You also need to be aware that everyone’s body is different. Some may find it easier to put on weight or muscle, yet for others, it can be more challenging. No matter how your body takes it, it’s always a healthier option to progress within a natural weight and size of your body than to overwork yourself trying to reach some extreme measurements. Some people are simply not meant to become as big as those bodybuilders. With the right mindset and tools, as far as you can go is to get as close as possible to what your ideal fit body is.
What most people fail to notice is that muscle mass is actually often hidden under the body fat. That is why you need to tackle both of these areas. You need to work on growing muscles as well as losing fat at the same time. Also, don’t solely rely on your scale to track your progress. Muscle weighs more than fat and you will probably find yourself slimming down while gaining weight as well.
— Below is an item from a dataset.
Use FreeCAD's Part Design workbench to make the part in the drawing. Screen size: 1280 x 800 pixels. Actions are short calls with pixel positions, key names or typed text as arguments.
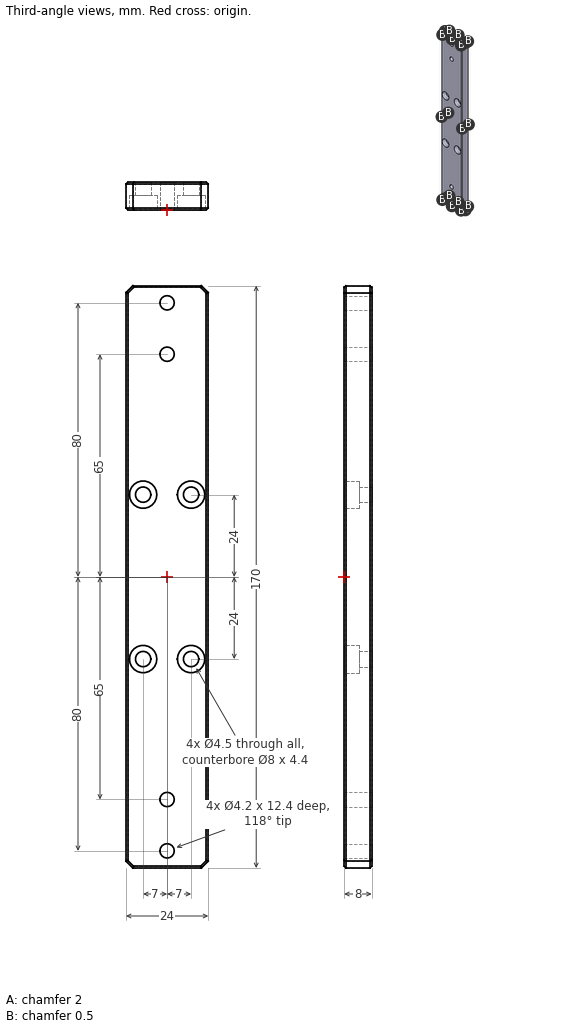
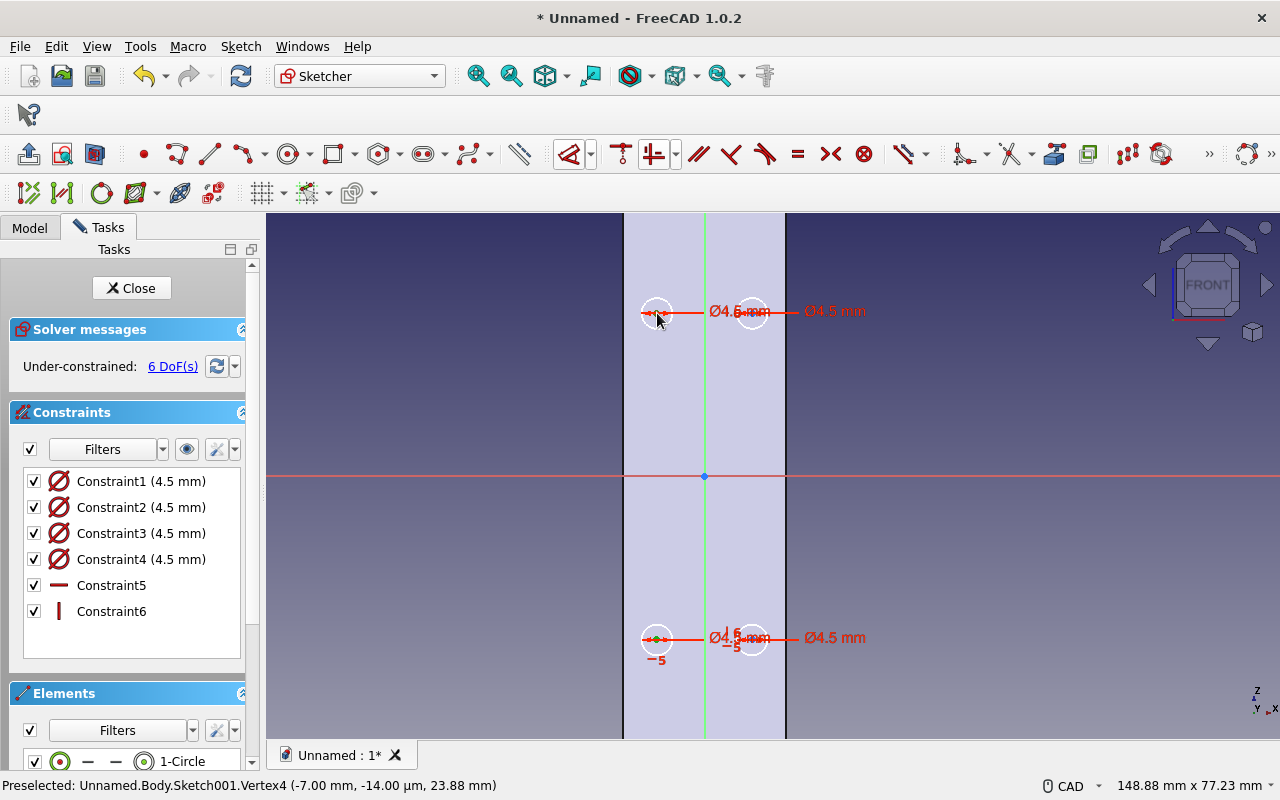
key(v)

Don’t lose hope if you don’t see any immediate results and progress. As already mentioned, this kind of progress takes time. Keep up your enthusiasm and remember, the more meaningful your reasons for this journey are, the more satisfying the success will be.
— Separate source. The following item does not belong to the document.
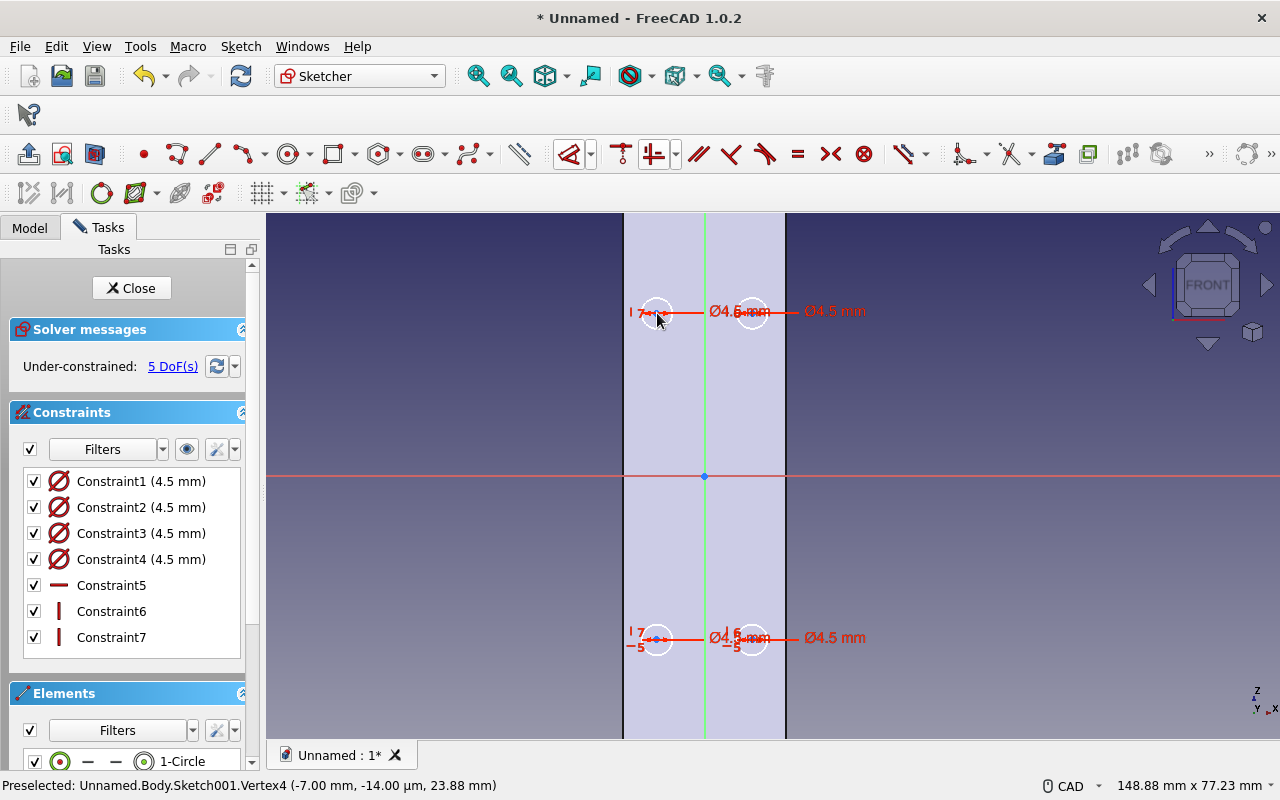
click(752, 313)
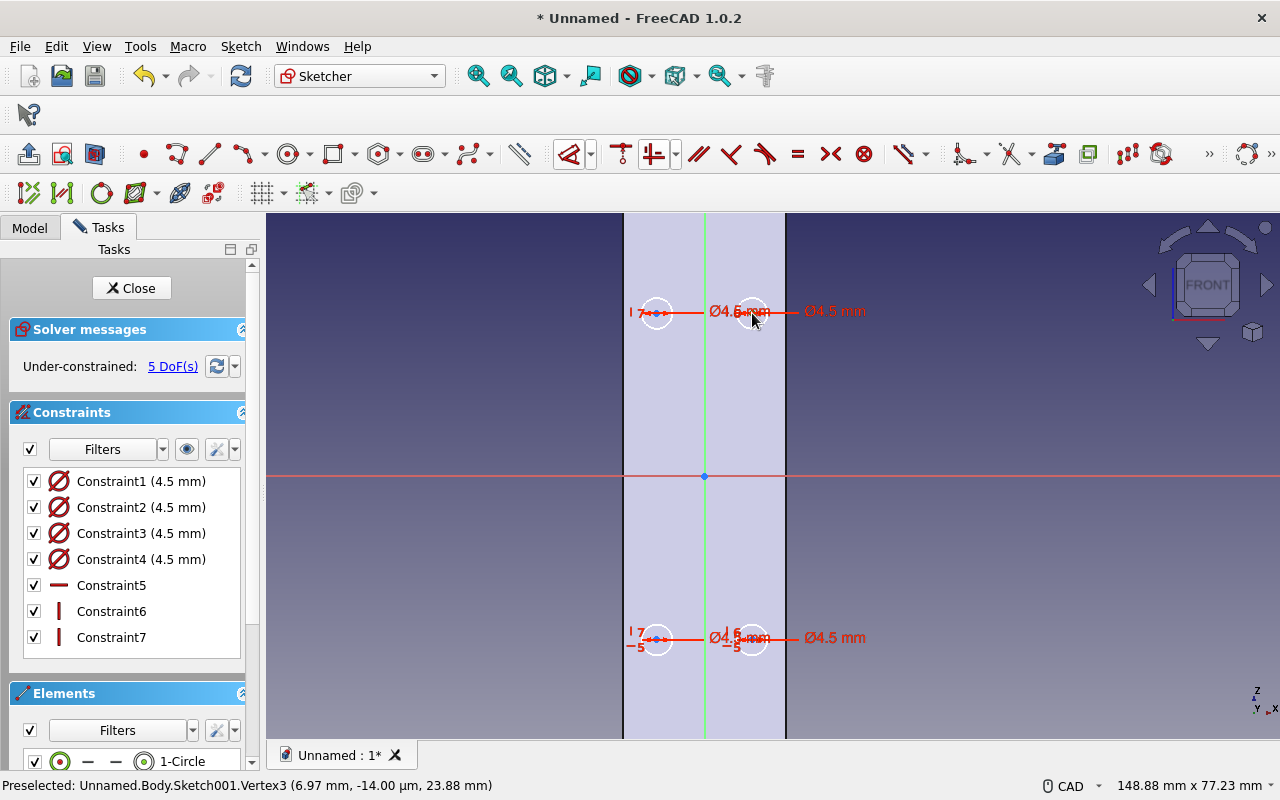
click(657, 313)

Lastly, try to surround yourself with people who inspire you. Work towards the same goals together and you will be more enthusiastic and optimistic about your journey.
Focus on Healthy Vegan Food
Building muscle isn’t just about physical activity, though. In order to build muscle you also need to support your body properly and supply it with lots of energy. Some people opt for dirty bulking. However, it is a lot healthier and smarter if you stick with the clean fuel a.k.a. healthy food.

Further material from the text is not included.